WORK TASK: The entries that follow need to be reproduced exactly, minus any images.

SUPPLIED INFORMATION:
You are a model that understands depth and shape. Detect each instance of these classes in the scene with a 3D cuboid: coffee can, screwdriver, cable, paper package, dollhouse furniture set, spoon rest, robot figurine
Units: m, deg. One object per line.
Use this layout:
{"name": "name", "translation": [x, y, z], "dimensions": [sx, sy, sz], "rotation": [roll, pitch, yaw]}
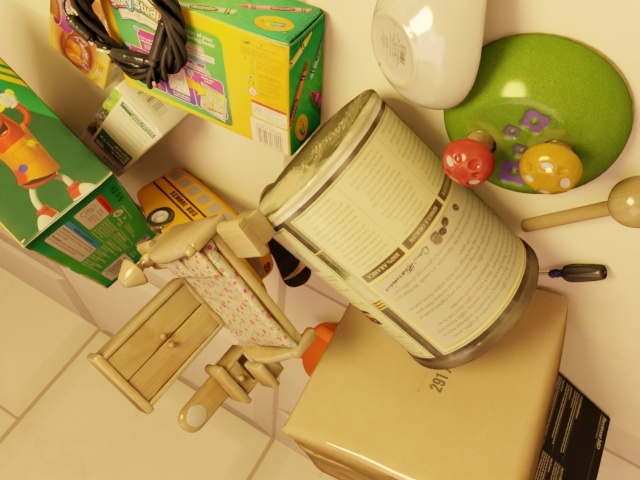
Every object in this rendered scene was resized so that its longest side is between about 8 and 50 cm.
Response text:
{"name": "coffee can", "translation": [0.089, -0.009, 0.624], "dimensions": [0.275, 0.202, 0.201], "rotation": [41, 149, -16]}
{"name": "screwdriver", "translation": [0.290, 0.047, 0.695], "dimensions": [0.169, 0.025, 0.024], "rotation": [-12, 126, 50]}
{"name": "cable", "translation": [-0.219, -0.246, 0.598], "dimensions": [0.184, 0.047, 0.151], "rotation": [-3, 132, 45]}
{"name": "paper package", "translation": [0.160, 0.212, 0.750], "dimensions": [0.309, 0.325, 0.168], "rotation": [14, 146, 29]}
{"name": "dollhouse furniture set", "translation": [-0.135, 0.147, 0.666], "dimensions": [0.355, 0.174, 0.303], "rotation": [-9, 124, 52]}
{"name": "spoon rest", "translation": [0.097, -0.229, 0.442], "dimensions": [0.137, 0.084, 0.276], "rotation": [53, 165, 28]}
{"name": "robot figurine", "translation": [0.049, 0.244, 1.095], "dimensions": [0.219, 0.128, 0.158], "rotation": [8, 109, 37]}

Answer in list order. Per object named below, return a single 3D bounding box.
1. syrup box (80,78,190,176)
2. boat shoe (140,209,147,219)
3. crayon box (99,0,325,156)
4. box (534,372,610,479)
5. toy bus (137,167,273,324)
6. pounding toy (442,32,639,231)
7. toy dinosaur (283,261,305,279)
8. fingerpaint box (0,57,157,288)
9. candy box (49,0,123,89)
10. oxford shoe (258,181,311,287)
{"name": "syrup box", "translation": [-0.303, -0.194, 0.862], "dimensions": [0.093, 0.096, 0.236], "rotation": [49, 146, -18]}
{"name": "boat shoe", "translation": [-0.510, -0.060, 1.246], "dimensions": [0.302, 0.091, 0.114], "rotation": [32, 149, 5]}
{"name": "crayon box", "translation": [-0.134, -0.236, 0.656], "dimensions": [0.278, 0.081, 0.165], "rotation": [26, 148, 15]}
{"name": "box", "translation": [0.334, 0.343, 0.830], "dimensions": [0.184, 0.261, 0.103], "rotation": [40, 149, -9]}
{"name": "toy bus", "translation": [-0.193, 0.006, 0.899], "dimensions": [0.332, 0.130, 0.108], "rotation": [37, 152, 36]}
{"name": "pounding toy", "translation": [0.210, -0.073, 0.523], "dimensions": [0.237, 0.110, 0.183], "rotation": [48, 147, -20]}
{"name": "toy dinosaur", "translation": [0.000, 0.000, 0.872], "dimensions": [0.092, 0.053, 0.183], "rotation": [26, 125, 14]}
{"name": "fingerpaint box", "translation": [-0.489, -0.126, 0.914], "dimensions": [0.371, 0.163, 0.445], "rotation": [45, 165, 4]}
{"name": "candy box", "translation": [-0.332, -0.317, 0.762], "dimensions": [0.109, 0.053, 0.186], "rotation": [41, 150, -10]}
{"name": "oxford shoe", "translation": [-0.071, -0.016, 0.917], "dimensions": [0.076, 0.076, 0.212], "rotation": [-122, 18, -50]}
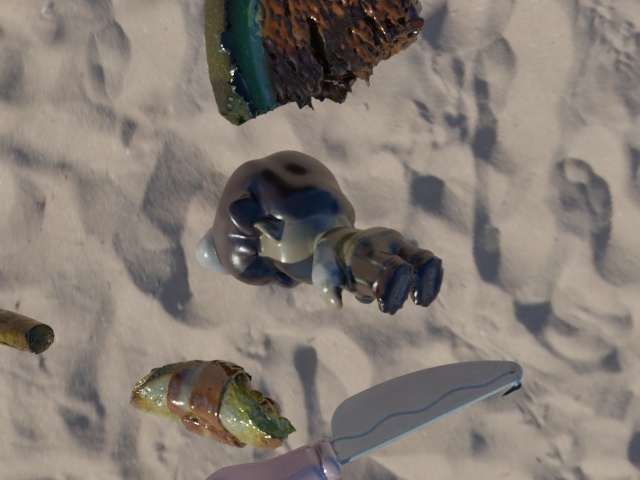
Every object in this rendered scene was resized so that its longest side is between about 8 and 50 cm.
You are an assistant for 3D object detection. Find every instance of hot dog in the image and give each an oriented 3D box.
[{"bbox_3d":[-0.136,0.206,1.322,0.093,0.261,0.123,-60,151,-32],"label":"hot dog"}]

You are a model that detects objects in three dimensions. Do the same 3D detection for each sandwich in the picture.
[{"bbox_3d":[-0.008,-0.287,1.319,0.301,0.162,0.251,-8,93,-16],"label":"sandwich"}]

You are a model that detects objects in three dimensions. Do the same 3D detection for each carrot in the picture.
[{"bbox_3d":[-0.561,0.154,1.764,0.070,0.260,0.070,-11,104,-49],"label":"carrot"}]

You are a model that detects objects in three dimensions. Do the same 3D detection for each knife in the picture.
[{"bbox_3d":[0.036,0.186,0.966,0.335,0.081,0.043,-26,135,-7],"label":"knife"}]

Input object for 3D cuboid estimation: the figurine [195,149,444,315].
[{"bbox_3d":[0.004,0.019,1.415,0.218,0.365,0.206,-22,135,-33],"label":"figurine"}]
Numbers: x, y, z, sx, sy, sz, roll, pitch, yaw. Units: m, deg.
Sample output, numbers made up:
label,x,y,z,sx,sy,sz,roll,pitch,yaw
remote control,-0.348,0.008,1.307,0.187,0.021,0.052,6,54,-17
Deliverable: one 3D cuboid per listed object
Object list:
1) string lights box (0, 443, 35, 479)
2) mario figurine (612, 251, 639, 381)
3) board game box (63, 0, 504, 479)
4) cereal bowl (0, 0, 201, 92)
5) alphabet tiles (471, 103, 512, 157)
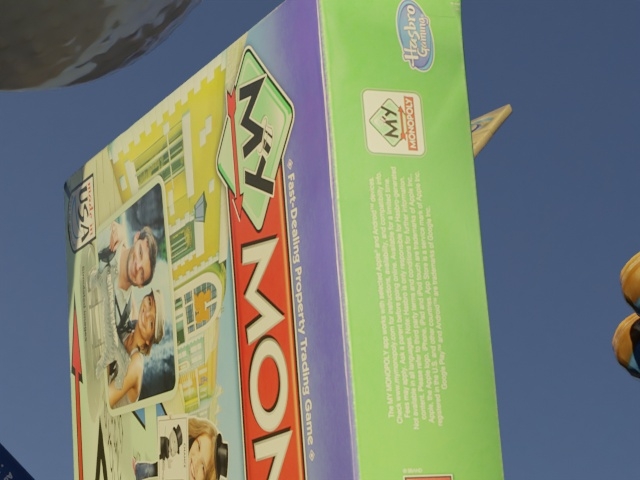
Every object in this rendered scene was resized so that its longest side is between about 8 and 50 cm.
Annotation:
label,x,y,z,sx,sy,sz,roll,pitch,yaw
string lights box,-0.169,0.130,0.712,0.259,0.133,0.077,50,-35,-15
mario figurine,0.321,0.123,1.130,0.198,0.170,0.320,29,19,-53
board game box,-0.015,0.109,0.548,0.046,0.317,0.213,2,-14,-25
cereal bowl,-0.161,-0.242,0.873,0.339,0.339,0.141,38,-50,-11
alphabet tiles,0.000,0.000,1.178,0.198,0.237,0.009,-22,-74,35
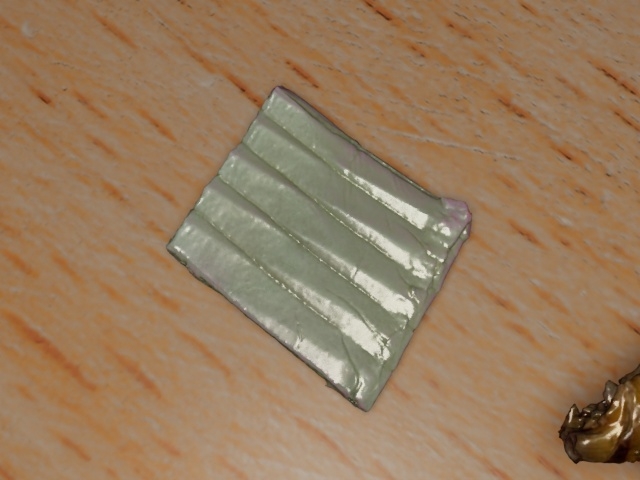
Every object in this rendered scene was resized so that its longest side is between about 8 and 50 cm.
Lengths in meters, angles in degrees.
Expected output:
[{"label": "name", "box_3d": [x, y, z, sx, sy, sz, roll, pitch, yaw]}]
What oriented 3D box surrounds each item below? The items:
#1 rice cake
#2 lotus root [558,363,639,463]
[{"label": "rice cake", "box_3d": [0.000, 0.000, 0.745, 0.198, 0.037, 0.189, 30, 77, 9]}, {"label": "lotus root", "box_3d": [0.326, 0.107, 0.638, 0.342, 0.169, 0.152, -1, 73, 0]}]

WRITTEN SOLUTION:
You are a model that understands depth and shape. Detect each instance of these classes in the scene with a 3D cuboid: coffee can, screwdriver, cable, paper package, dollhouse furniture set, spoon rest, robot figurine
Units: m, deg. One object per line.
Use this layout:
{"name": "name", "translation": [x, y, z], "dimensions": [sx, sy, sz], "rotation": [roll, pitch, yaw]}
Every object in this rendered scene was resized so that its longest side is between about 8 and 50 cm.
Response text:
{"name": "coffee can", "translation": [0.089, -0.009, 0.624], "dimensions": [0.275, 0.202, 0.201], "rotation": [41, 149, -16]}
{"name": "screwdriver", "translation": [0.290, 0.047, 0.695], "dimensions": [0.169, 0.025, 0.024], "rotation": [-12, 126, 50]}
{"name": "cable", "translation": [-0.219, -0.246, 0.598], "dimensions": [0.184, 0.047, 0.151], "rotation": [-3, 132, 45]}
{"name": "paper package", "translation": [0.160, 0.212, 0.750], "dimensions": [0.309, 0.325, 0.168], "rotation": [14, 146, 29]}
{"name": "dollhouse furniture set", "translation": [-0.135, 0.147, 0.666], "dimensions": [0.355, 0.174, 0.303], "rotation": [-9, 124, 52]}
{"name": "spoon rest", "translation": [0.097, -0.229, 0.442], "dimensions": [0.137, 0.084, 0.276], "rotation": [53, 165, 28]}
{"name": "robot figurine", "translation": [0.049, 0.244, 1.095], "dimensions": [0.219, 0.128, 0.158], "rotation": [8, 109, 37]}

Answer in list order. Per object named below, return a single 3D bounding box.
1. syrup box (80,78,190,176)
2. boat shoe (140,209,147,219)
3. crayon box (99,0,325,156)
4. box (534,372,610,479)
5. toy bus (137,167,273,324)
6. pounding toy (442,32,639,231)
7. toy dinosaur (283,261,305,279)
8. fingerpaint box (0,57,157,288)
9. candy box (49,0,123,89)
10. oxford shoe (258,181,311,287)
{"name": "syrup box", "translation": [-0.303, -0.194, 0.862], "dimensions": [0.093, 0.096, 0.236], "rotation": [49, 146, -18]}
{"name": "boat shoe", "translation": [-0.510, -0.060, 1.246], "dimensions": [0.302, 0.091, 0.114], "rotation": [32, 149, 5]}
{"name": "crayon box", "translation": [-0.134, -0.236, 0.656], "dimensions": [0.278, 0.081, 0.165], "rotation": [26, 148, 15]}
{"name": "box", "translation": [0.334, 0.343, 0.830], "dimensions": [0.184, 0.261, 0.103], "rotation": [40, 149, -9]}
{"name": "toy bus", "translation": [-0.193, 0.006, 0.899], "dimensions": [0.332, 0.130, 0.108], "rotation": [37, 152, 36]}
{"name": "pounding toy", "translation": [0.210, -0.073, 0.523], "dimensions": [0.237, 0.110, 0.183], "rotation": [48, 147, -20]}
{"name": "toy dinosaur", "translation": [0.000, 0.000, 0.872], "dimensions": [0.092, 0.053, 0.183], "rotation": [26, 125, 14]}
{"name": "fingerpaint box", "translation": [-0.489, -0.126, 0.914], "dimensions": [0.371, 0.163, 0.445], "rotation": [45, 165, 4]}
{"name": "candy box", "translation": [-0.332, -0.317, 0.762], "dimensions": [0.109, 0.053, 0.186], "rotation": [41, 150, -10]}
{"name": "oxford shoe", "translation": [-0.071, -0.016, 0.917], "dimensions": [0.076, 0.076, 0.212], "rotation": [-122, 18, -50]}
Every object in this rendered scene was resized so that its longest side is between about 8 and 50 cm.
You are an assistant for 3D object detection. Find every instance of hot dog in the image and give each an oriented 3D box.
[{"bbox_3d":[-0.136,0.206,1.322,0.093,0.261,0.123,-60,151,-32],"label":"hot dog"}]

You are a model that detects objects in three dimensions. Do the same 3D detection for each sandwich in the picture.
[{"bbox_3d":[-0.008,-0.287,1.319,0.301,0.162,0.251,-8,93,-16],"label":"sandwich"}]

You are a model that detects objects in three dimensions. Do the same 3D detection for each carrot in the picture.
[{"bbox_3d":[-0.561,0.154,1.764,0.070,0.260,0.070,-11,104,-49],"label":"carrot"}]

You are a model that detects objects in three dimensions. Do the same 3D detection for each knife in the picture.
[{"bbox_3d":[0.036,0.186,0.966,0.335,0.081,0.043,-26,135,-7],"label":"knife"}]

Input object for 3D cuboid estimation: the figurine [195,149,444,315].
[{"bbox_3d":[0.004,0.019,1.415,0.218,0.365,0.206,-22,135,-33],"label":"figurine"}]
Numbers: x, y, z, sx, sy, sz, roll, pitch, yaw. Units: m, deg.
Sample output, numbers made up:
label,x,y,z,sx,sy,sz,roll,pitch,yaw
remote control,-0.348,0.008,1.307,0.187,0.021,0.052,6,54,-17
Deliverable: one 3D cuboid per listed object
Object list:
1) string lights box (0, 443, 35, 479)
2) mario figurine (612, 251, 639, 381)
3) board game box (63, 0, 504, 479)
4) cereal bowl (0, 0, 201, 92)
5) alphabet tiles (471, 103, 512, 157)
Every object in this rendered scene was resized so that its longest side is between about 8 and 50 cm.
Annotation:
label,x,y,z,sx,sy,sz,roll,pitch,yaw
string lights box,-0.169,0.130,0.712,0.259,0.133,0.077,50,-35,-15
mario figurine,0.321,0.123,1.130,0.198,0.170,0.320,29,19,-53
board game box,-0.015,0.109,0.548,0.046,0.317,0.213,2,-14,-25
cereal bowl,-0.161,-0.242,0.873,0.339,0.339,0.141,38,-50,-11
alphabet tiles,0.000,0.000,1.178,0.198,0.237,0.009,-22,-74,35
Every object in this rendered scene was resized so that its longest side is between about 8 and 50 cm.
Lengths in meters, angles in degrees.
Expected output:
[{"label": "name", "box_3d": [x, y, z, sx, sy, sz, roll, pitch, yaw]}]
What oriented 3D box surrounds each item below? The items:
#1 rice cake
#2 lotus root [558,363,639,463]
[{"label": "rice cake", "box_3d": [0.000, 0.000, 0.745, 0.198, 0.037, 0.189, 30, 77, 9]}, {"label": "lotus root", "box_3d": [0.326, 0.107, 0.638, 0.342, 0.169, 0.152, -1, 73, 0]}]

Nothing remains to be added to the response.